_Work to complete_: Restate word for word the line containing "- Total food = 375 g × 14 = 5250 g" and every following line in the material below, up to and including the last one.
'''
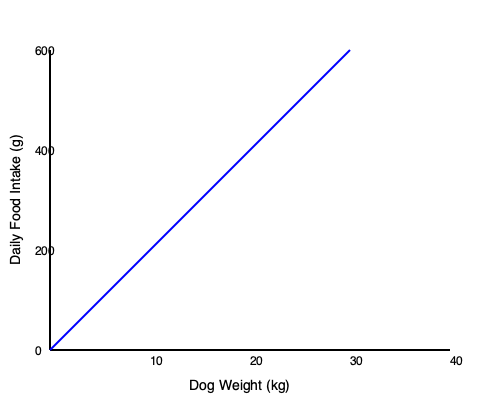Your dog weighs 25 kg, and you're planning a 2-week vacation. Based on the graph showing the relationship between dog weight and daily food intake, calculate the total volume of dog food needed for the vacation period if the dog food has a density of 0.5 g/cm³. Express your answer in liters (L). To solve this problem, we'll follow these steps:

1. Determine the daily food intake for a 25 kg dog from the graph:
   - At 25 kg, the daily food intake is approximately 375 g

2. Calculate the total food needed for 2 weeks:
   - 2 weeks = 14 days
   - Total food = Daily intake × Number of days
   - Total food = 375 g × 14 = 5250 g

3. Convert the mass of food to volume using the given density:
   - Density = Mass / Volume
   - 0.5 g/cm³ = 5250 g / Volume
   - Volume = 5250 g ÷ 0.5 g/cm³ = 10500 cm³

4. Convert cm³ to liters:
   - 1 L = 1000 cm³
   - Volume in liters = 10500 cm³ ÷ 1000 cm³/L = 10.5 L

Therefore, the total volume of dog food needed for the 2-week vacation is 10.5 L.
Answer: 10.5 L
'''
_Answer space_:
   - Total food = 375 g × 14 = 5250 g

3. Convert the mass of food to volume using the given density:
   - Density = Mass / Volume
   - 0.5 g/cm³ = 5250 g / Volume
   - Volume = 5250 g ÷ 0.5 g/cm³ = 10500 cm³

4. Convert cm³ to liters:
   - 1 L = 1000 cm³
   - Volume in liters = 10500 cm³ ÷ 1000 cm³/L = 10.5 L

Therefore, the total volume of dog food needed for the 2-week vacation is 10.5 L.
Answer: 10.5 L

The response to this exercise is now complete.